The biggest news of the year traveled through the impoverished country of Haiti last week killing, at last count, approaching 1,000 people. Hurricane Matthew then trounced Cuba and the Bahamas before making landfall in south Florida early in the week. With a still undetermined number of deaths before it ever reached the mainland, Matthew bears responsibility for eighteen fatalities in the U.S. with more than half those in the state of North Carolina. There were four deaths reported in Florida, the same number in Georgia, and another two in South Carolina.

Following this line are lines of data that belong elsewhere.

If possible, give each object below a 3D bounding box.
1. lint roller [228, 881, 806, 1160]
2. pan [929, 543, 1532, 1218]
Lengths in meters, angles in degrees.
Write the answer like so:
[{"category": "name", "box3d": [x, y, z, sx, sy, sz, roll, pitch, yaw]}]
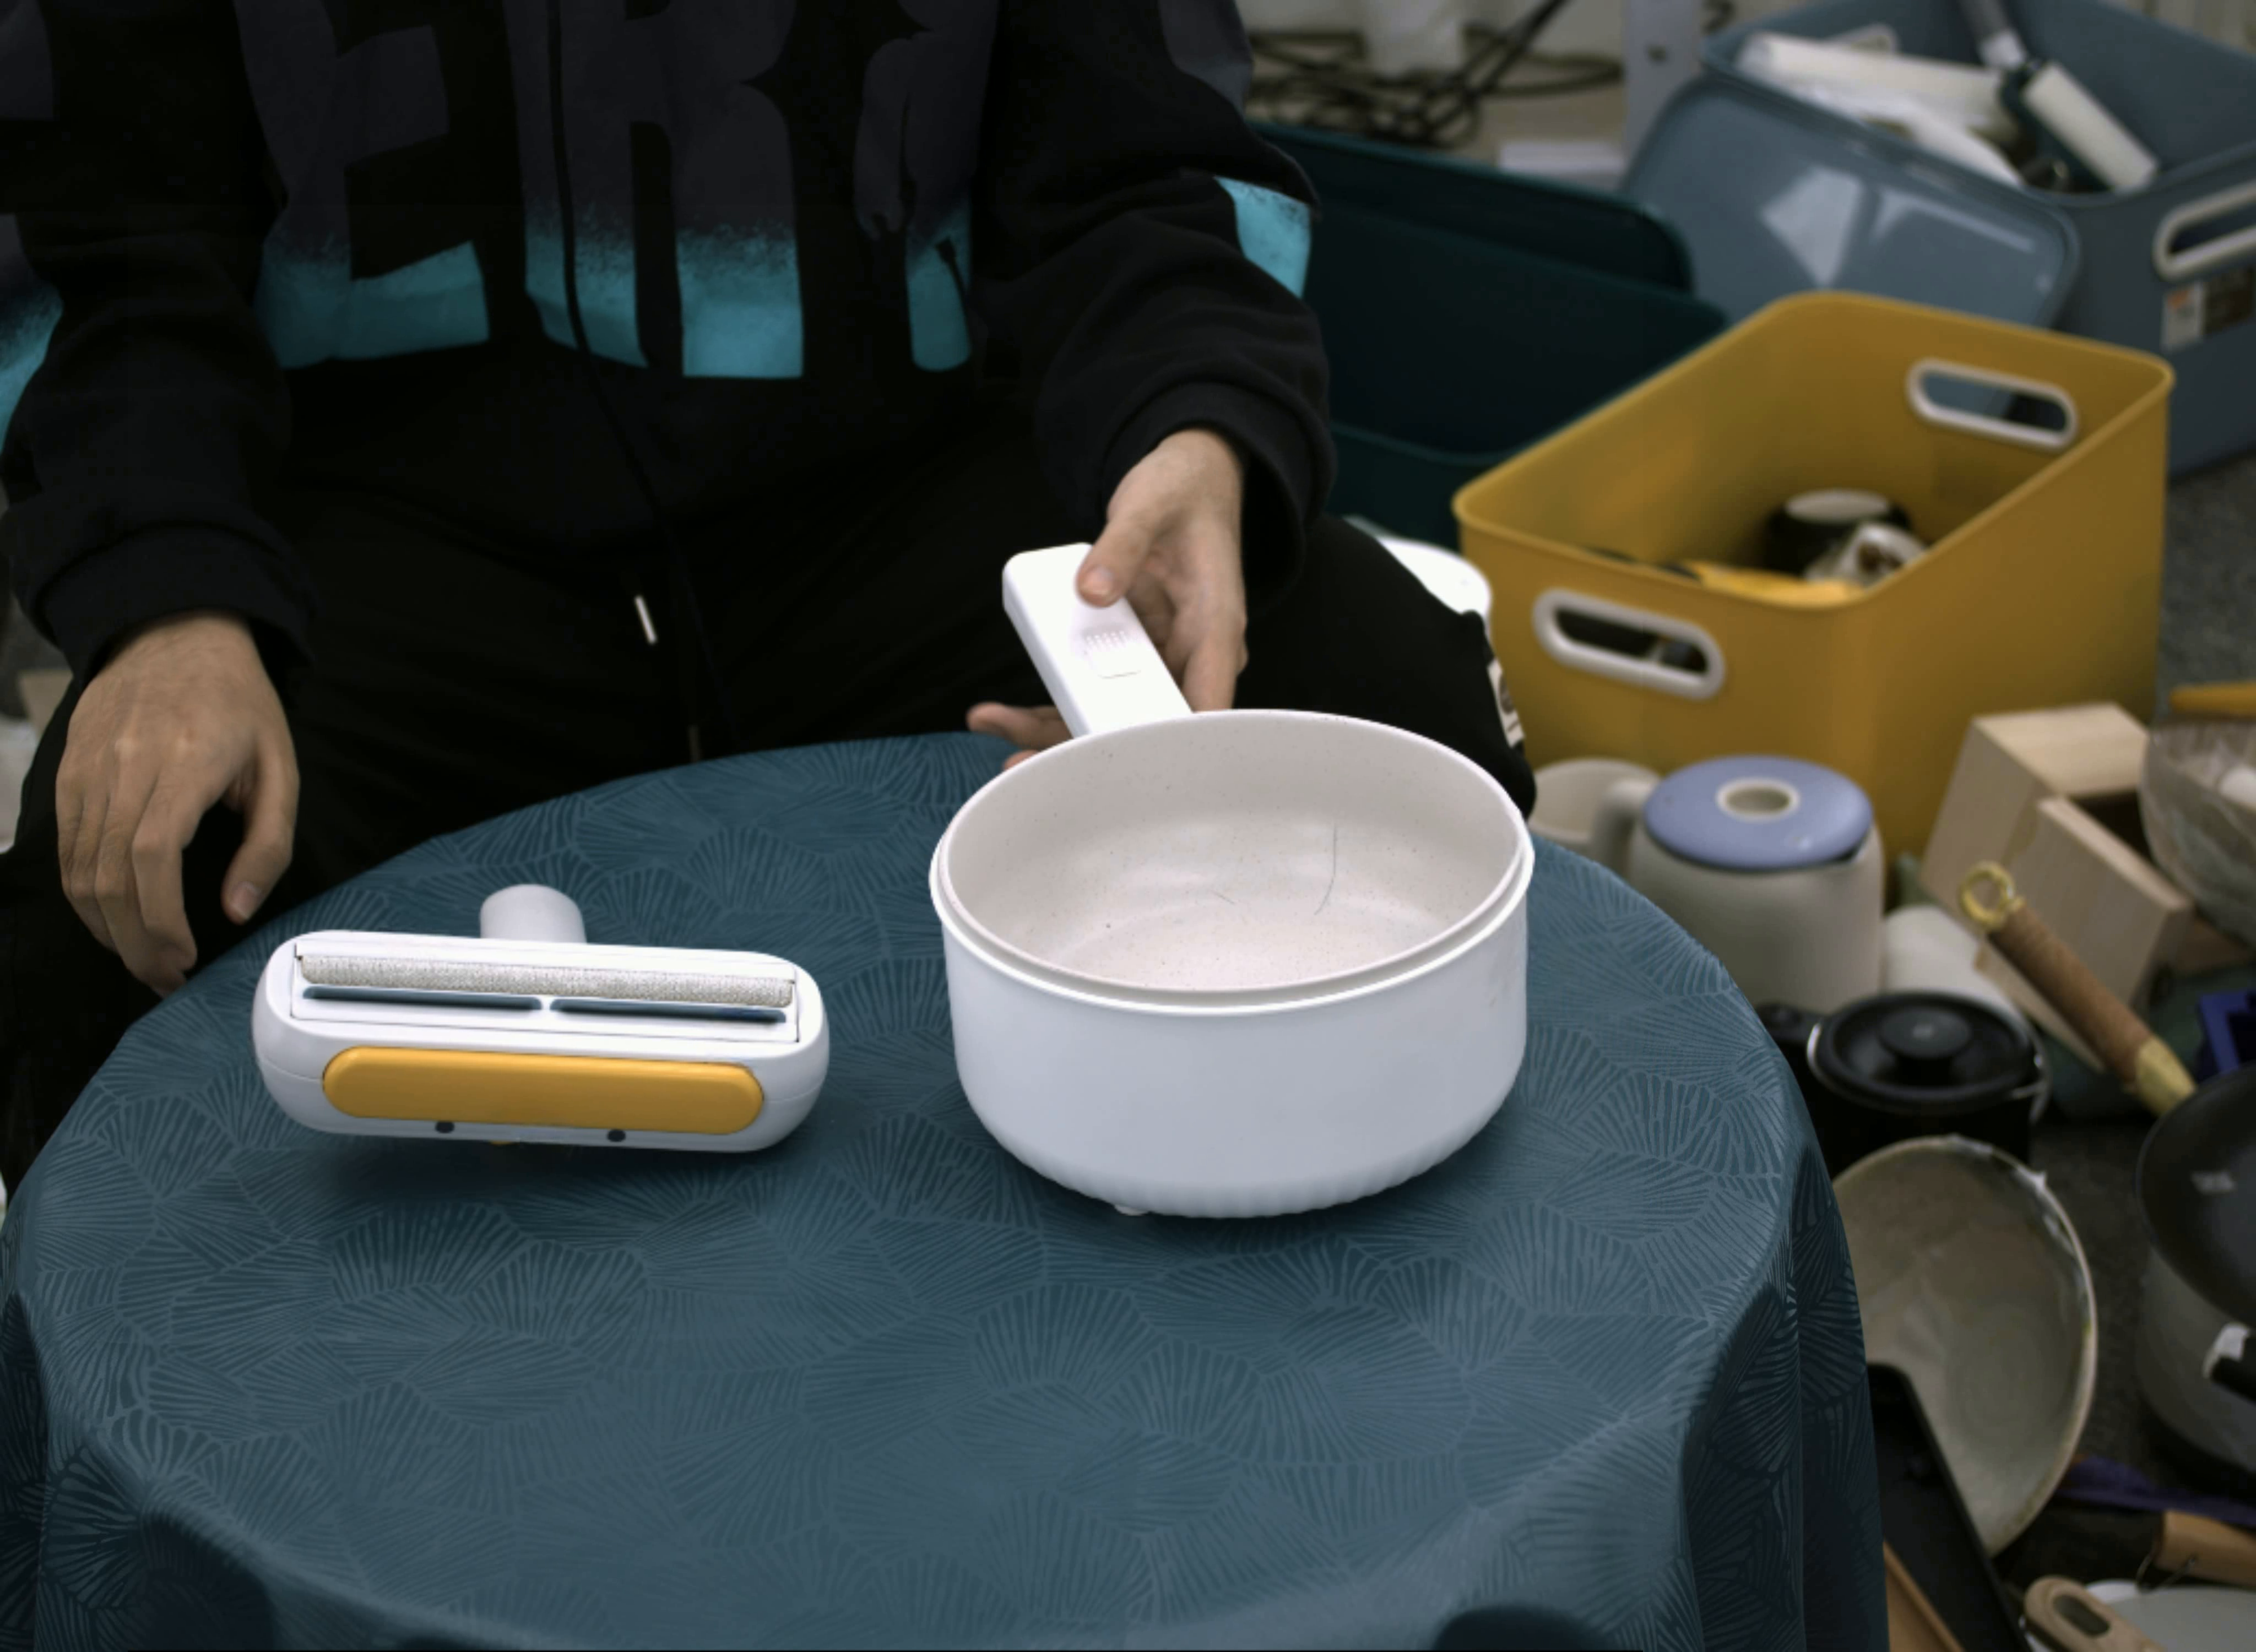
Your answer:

Most of those who perished were as the result of falling trees and one case of an elderly resident at a nursing home in South Carolina who somehow became trapped beneath his motorized wheel chair. One Florida gentleman died after being blown from his roof while trying to complete repairs during the storm. Other fatalities were caused by carbon monoxide fumes from an emergency generator.
Though the reported deaths are regretful, countless lives were saved due to the quick actions of the respective local and state officials, coast guard units and first responders from each area. Thousands were reportedly rescued from fast rising flood waters that left people trapped atop cars, on rooftops and even in trees from where coast guard members had to pluck them to safety. Flooding became even more of a concern than the sixty to as fast as one hundred and ten mile per hour winds with rainfall totals measured in some places up to eighteen inches. Countless reports of toppled trees and downed power lines had tree surgeons, utility crews, and first responders hopping from south Florida all the way up the east cost into North Carolina and as much as 100 miles inland in some areas.
The Hebrew meaning of “Matthew” is interpreted as: a gift from God which would understandably prompt one to question what kind of charity could possibly be derived from a hurricane as destructive as what was just experienced by the southeastern part of the country. Firstly, one must understand that the projected path of the hurricane as originally forecast would have had the “cone” or eye travel directly up the eastern seaboard from Miami, FL as far north as Charleston, SC. I choose to believe it was the result of much prayer that had the hurricane shift about twenty to thirty miles farther east before West Palm Beach, FL. This seemingly insignificant “wobble” meant the difference in the fifty to seventy mile per hour winds Jacksonville and coastal Georgia experienced and sustained winds of a hundred and twenty miles per hour with gusts up to one hundred and forty miles per hour.
Meteorologists listed the damage would have been significantly worse had the hurricane continued on its originally forecasted path. One reporter stated had the coast taken a direct hit the resulting carnage is speculated to have mirrored the devastation of hurricane Andrew that occurred in 1992.